Exercise directions:
Your answer is the lines below, exactly, from the one that contains "Map each listed" through the one that contains "Formatted like this", both included.

Records for this exercise:
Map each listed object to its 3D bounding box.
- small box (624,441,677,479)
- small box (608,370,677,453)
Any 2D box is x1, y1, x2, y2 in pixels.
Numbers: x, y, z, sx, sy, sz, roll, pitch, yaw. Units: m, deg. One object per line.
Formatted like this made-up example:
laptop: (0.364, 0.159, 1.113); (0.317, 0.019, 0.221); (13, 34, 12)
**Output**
--
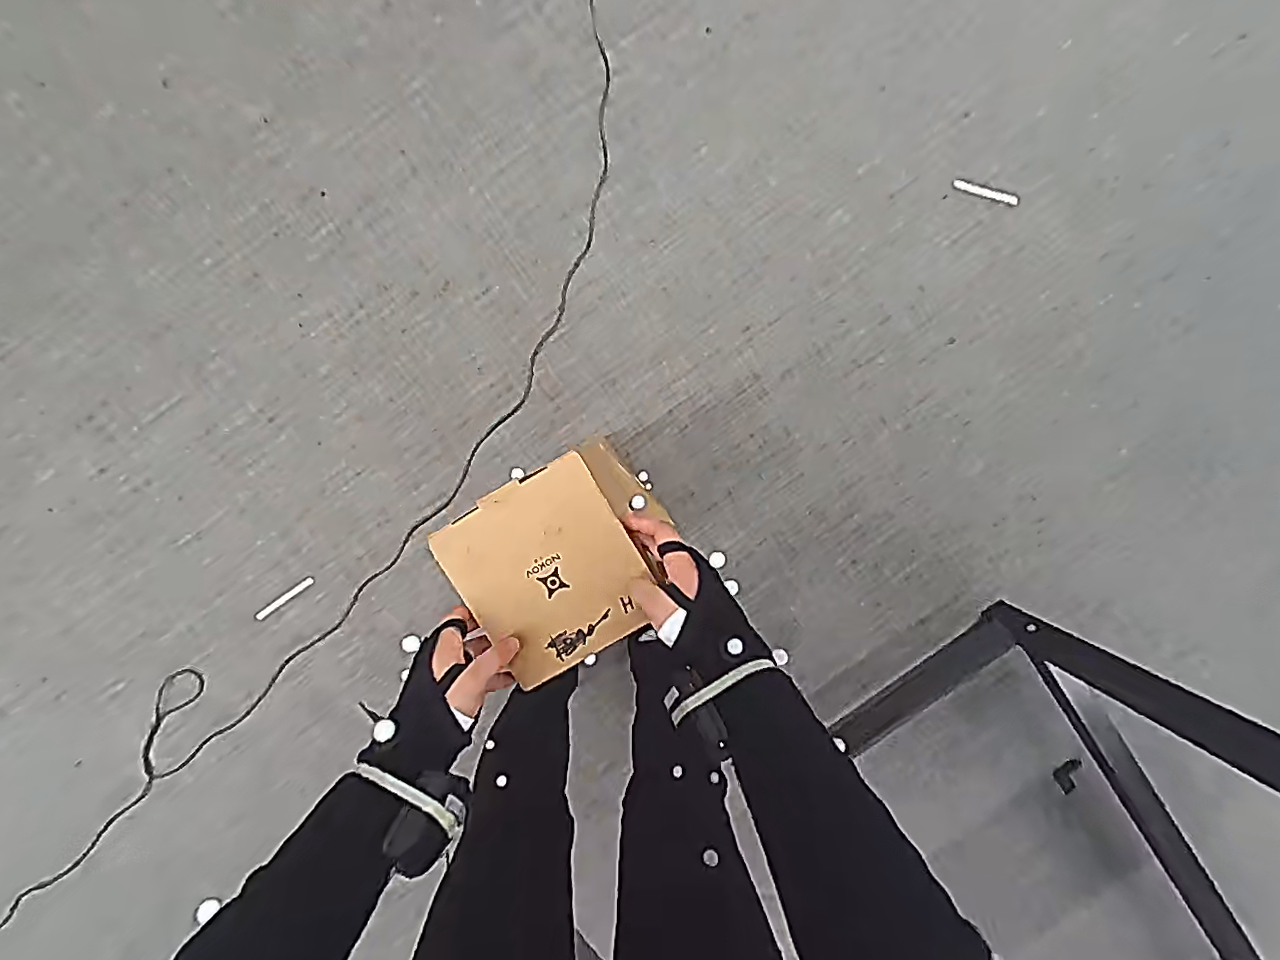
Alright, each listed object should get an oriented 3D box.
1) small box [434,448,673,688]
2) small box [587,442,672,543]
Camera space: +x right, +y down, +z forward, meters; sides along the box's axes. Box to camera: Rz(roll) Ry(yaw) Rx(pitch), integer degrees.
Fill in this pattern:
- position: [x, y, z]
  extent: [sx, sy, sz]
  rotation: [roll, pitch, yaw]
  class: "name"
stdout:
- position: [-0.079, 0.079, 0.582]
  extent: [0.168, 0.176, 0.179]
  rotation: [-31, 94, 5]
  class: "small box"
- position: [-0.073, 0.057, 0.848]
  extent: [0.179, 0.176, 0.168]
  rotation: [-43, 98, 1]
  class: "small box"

Exercise solution:
Map each listed object to its 3D bounding box.
- small box (624,441,677,479)
- small box (608,370,677,453)
Any 2D box is x1, y1, x2, y2 in pixels.
Numbers: x, y, z, sx, sy, sz, roll, pitch, yaw. Units: m, deg. One object per line.
Formatted like this made-up example:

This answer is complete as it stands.